--- START ---
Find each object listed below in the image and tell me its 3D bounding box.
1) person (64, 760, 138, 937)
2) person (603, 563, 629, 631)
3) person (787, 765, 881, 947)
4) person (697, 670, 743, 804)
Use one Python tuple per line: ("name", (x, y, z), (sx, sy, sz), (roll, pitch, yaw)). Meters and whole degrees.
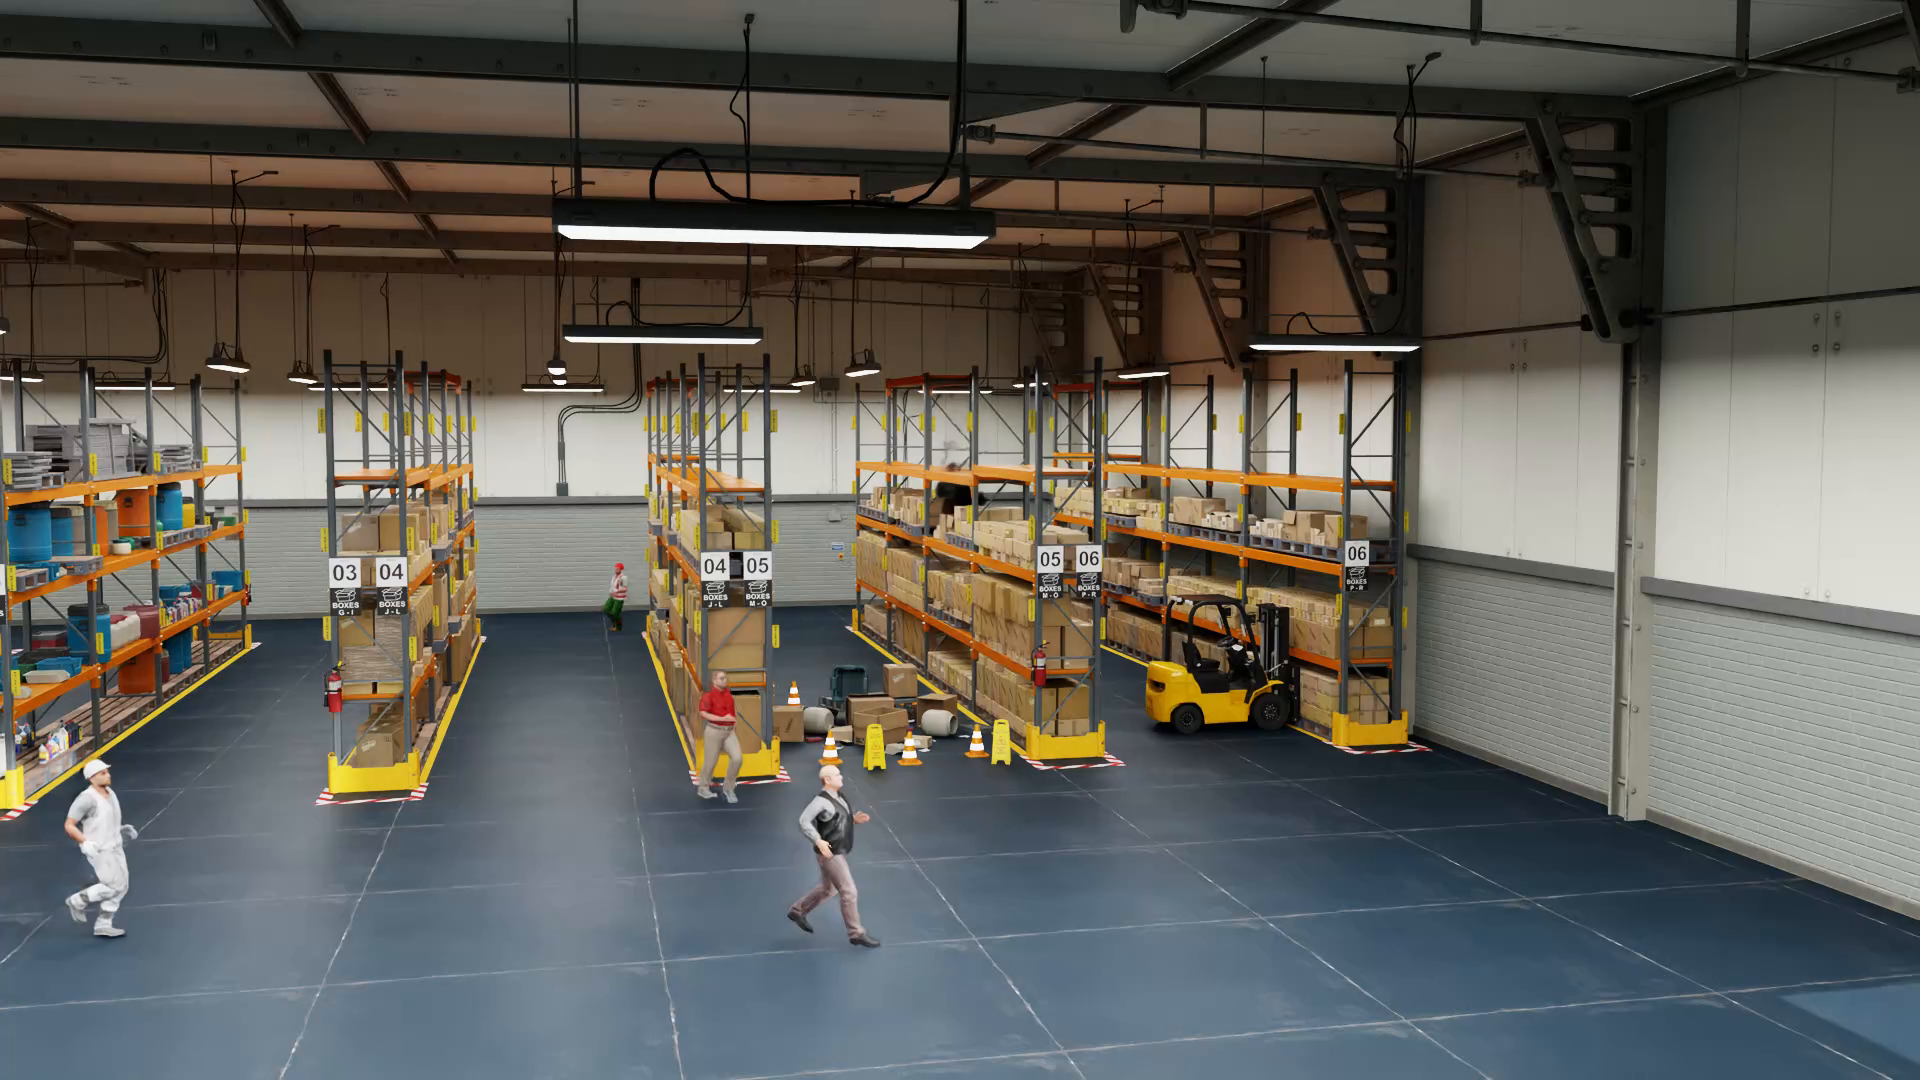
--- END ---
Where a line of the entries contains the word "person", copy that line.

1) person (64, 760, 138, 937)
2) person (603, 563, 629, 631)
3) person (787, 765, 881, 947)
4) person (697, 670, 743, 804)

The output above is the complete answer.